BY Mackenzie Madison

If you coach an athlete who constantly pushes themselves into a state of overtraining, these nine tips can help you encourage them to put a priority on recovery and training smarter—not harder.

If you have been in the business for any length of time, you’ve probably coached an overly ambitious athlete who seems to train themselves into a hole repeatedly in the pursuit of their goals.  While detecting an overtraining athlete may be easy for a coach to spot, the athlete most likely does not see their efforts as negatively impacting their fitness goals. Ultimately, it’s up to you as their coach to help them learn the importance of proper recovery and training smarter.

There are many underlying issues that can cause an athlete to train too hard. The main reason is due to pressure—both external and internal. Outside pressures include those placed by the coach, other athletes and general social pressures.
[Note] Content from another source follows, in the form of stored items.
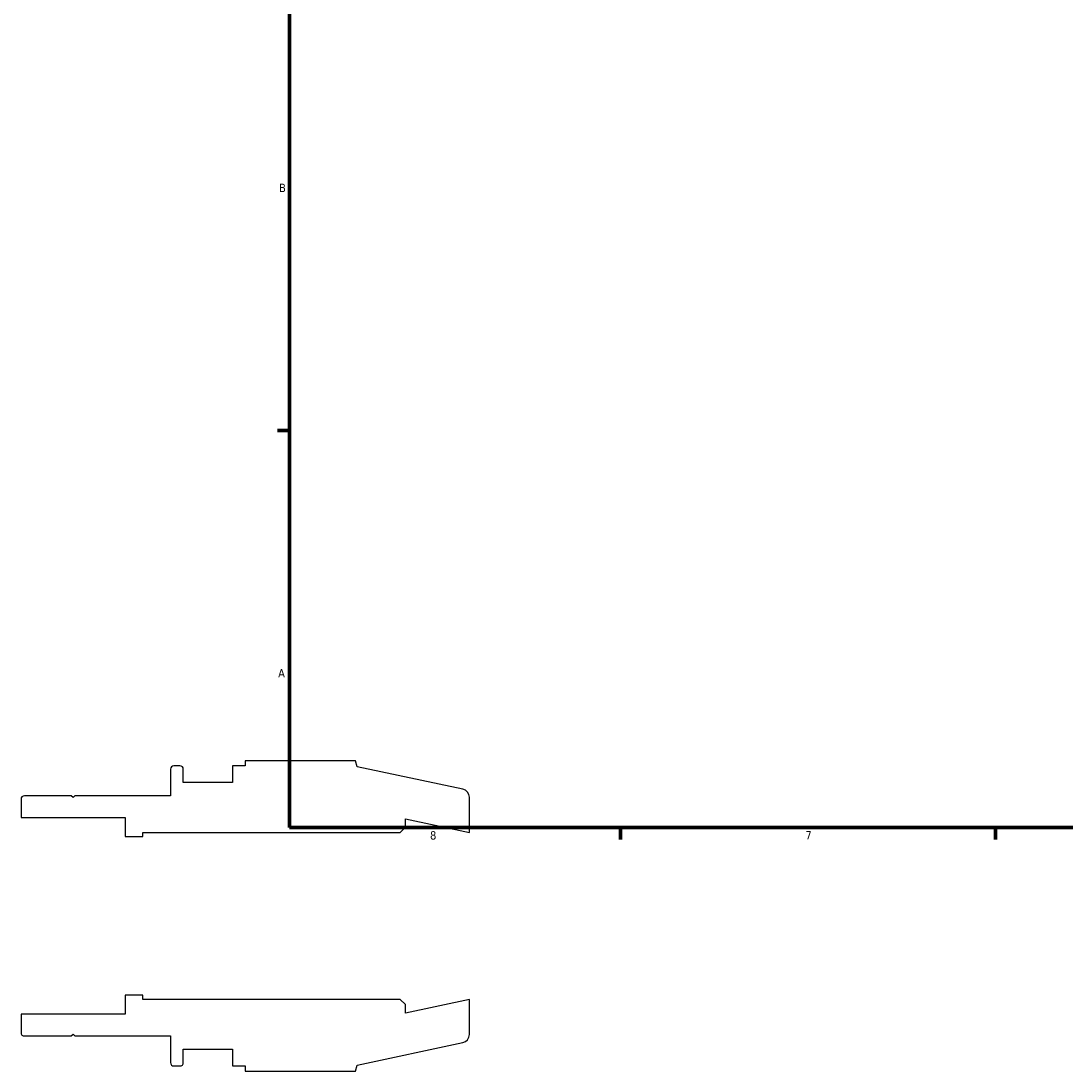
# Model space of a CAD drawing. Header units: inches. Extents: x -2.5 to 37.3, y -1.8 to 26.3.
# Tile 1 of 6: x -2.5 to 9.3, y -1.8 to 10.1. Entities that reach past the tile are written whole.
import ezdxf

# ---------------------------------------------------------------- set-up
doc = ezdxf.new("R2010")
doc.units = ezdxf.units.IN
doc.header["$MEASUREMENT"] = 0
doc.layers.add('Border (ANSI)', color=7, linetype='Continuous', lineweight=70)
doc.styles.add('Note Text (ANSI)', font='tahoma.ttf')

# ---------------------------------------------------------------- blocks, each defined once
blk = doc.blocks.new('Borders Default Border')
at = {"layer": 'Border (ANSI)'}
for p, q in [((0.5, 5.5), (0.366, 5.5)), ((4.25, 1), (4.25, 0.866)), ((8.5, 1), (8.5, 0.866))]:
    blk.add_line(p, q, dxfattribs=at)
at = {"layer": 'Border (ANSI)', "flags": 128}
blk.add_lwpolyline([(0.5, 1), (0.5, 21), (33.5, 21), (33.5, 1), (0.5, 1)], dxfattribs=at)
at = {"layer": 'Border (ANSI)', "color": 5, "true_color": 0x0000ff, "char_height": 0.0945, "attachment_point": 7, "style": 'Note Text (ANSI)'}
for s, insert in [('B', (0.384, 8.203)), ('A', (0.373, 2.703)), ('8', (2.094, 0.863)), ('7', (6.346, 0.866))]:
    blk.add_mtext(s, dxfattribs=dict(at, insert=insert))

msp = doc.modelspace()

# ---------------------------------------------------------------- linework, layer by layer
for p, q in [((-0.739, 1.701), (-0.809, 1.701)), ((0, 1.701), (-0.145, 1.701)), ((-0.145, 1.701), (-0.145, 1.512)), ((1.248, 1.758), (0, 1.758)), ((0, 1.758), (0, 1.701)), ((1.27, 1.69), (1.248, 1.758)), ((2.465, 1.436), (1.27, 1.69)), ((-0.847, 1.663), (-0.847, 1.361)), ((-0.702, 1.512), (-0.702, 1.663)), ((-0.145, 1.512), (-0.702, 1.512)), ((-2.54, 1.323), (-2.54, 1.115)), ((-1.97, 1.361), (-2.502, 1.361)), ((-1.95, 1.341), (-1.97, 1.361)), ((-1.93, 1.361), (-1.95, 1.341)), ((-0.847, 1.361), (-1.93, 1.361)), ((2.54, 0.947), (2.54, 1.344)), ((-2.54, 1.115), (-1.36, 1.115)), ((-1.36, 1.115), (-1.36, 0.9)), ((1.814, 1.004), (1.814, 1.101)), ((1.814, 1.101), (2.54, 0.947)), ((1.757, 0.947), (1.814, 1.004)), ((-1.36, 0.9), (-1.16, 0.9)), ((-1.16, 0.9), (-1.16, 0.947)), ((-1.16, 0.947), (1.757, 0.947)), ((-1.16, -0.9), (-1.36, -0.9)), ((-1.36, -0.9), (-1.36, -1.115)), ((-1.16, -0.947), (-1.16, -0.9)), ((1.757, -0.947), (-1.16, -0.947)), ((1.814, -1.004), (1.757, -0.947)), ((2.54, -0.947), (1.814, -1.101)), ((2.54, -1.344), (2.54, -0.947)), ((1.814, -1.101), (1.814, -1.004)), ((-1.36, -1.115), (-2.54, -1.115)), ((-2.54, -1.115), (-2.54, -1.323)), ((-2.502, -1.361), (-1.97, -1.361)), ((-1.97, -1.361), (-1.95, -1.341)), ((-1.95, -1.341), (-1.93, -1.361)), ((-1.93, -1.361), (-0.847, -1.361)), ((-0.847, -1.361), (-0.847, -1.663)), ((-0.702, -1.663), (-0.702, -1.512)), ((-0.702, -1.512), (-0.145, -1.512)), ((-0.145, -1.512), (-0.145, -1.701)), ((1.27, -1.69), (2.465, -1.436)), ((-0.809, -1.701), (-0.739, -1.701)), ((-0.145, -1.701), (0, -1.701)), ((0, -1.701), (0, -1.758)), ((0, -1.758), (1.248, -1.758)), ((1.248, -1.758), (1.27, -1.69))]:
    msp.add_line(p, q)
for centre, major_axis, end_param in [((-0.809, 1.663), (-0.0379, 0), 6.283185), ((-0.739, 1.663), (0, 0.0379), 6.283185), ((2.445, 1.344), (0, 0.0947), 6.073746), ((-2.502, 1.323), (-0.0379, 0), 6.283185), ((-2.502, -1.323), (0, -0.0379), 6.283185), ((2.445, -1.344), (0.0926, 0.0197), 6.073746), ((-0.809, -1.663), (0, -0.0379), 6.283185), ((-0.739, -1.663), (0.0379, 0), 6.283185)]:
    msp.add_ellipse(centre, major_axis=major_axis, ratio=1, start_param=4.712389, end_param=end_param)

# ---------------------------------------------------------------- block references
msp.add_blockref('Borders Default Border', (0, 0))

doc.saveas('drawing.dxf')

Athletes already have existing pressures upon themselves and will continue to increase that pressure until they win or do extremely well. Surprisingly, athletes who see success are also at risk for overtraining as success drives them to push even harder.

Ultimately, training is what makes a better athlete—so it is easy for athletes to get sucked into the idea that more is better in order to gain that edge. Being competitive while learning and testing limits is athleticism by virtue.

Many athletes tend to exhibit too much motivation and perfectionism that pushes their training past the point of gains. Athletes usually fail to see that they are overtraining. In their eyes they feel that the signs of overtraining—experiencing fatigue and weakness—means that they need to train harder.

Here are nine tips for showing your overtraining, overly ambitious athlete how to train within their limits.

1. Eliminate the thought process that more training equals more success.

Have them take a step back and see the long-term perspective. Explain that while short-term gains might be possible, long-term overtraining is harmful and inhibits best results.

An athlete wouldn’t hit the weights as hard as they could every day for a week straight—because afterward they wouldn’t be able to walk (let alone train).

Showing an extreme example often times helps an athlete operate on strategy rather than pressure.

2. Express how periodization yields higher performance.

Help your athlete see the big picture by emphasizing that it is necessary to have training phases. It is impossible to reach goals by trying to be super fit all of the time. If an athlete ramps up their training build too quickly they will end up short-siding themselves. Using periodization helps the athlete ultimately peak at a much higher fitness.

3. Increase knowledge or awareness regarding the importance of recovery.

Inform the athlete what the purpose of training is. Go over how training stress breaks the body down while recovery rebuilds the body to become stronger and adapt. It is impossible to progress if the athlete is always pushing too hard and never giving their body a chance to recover.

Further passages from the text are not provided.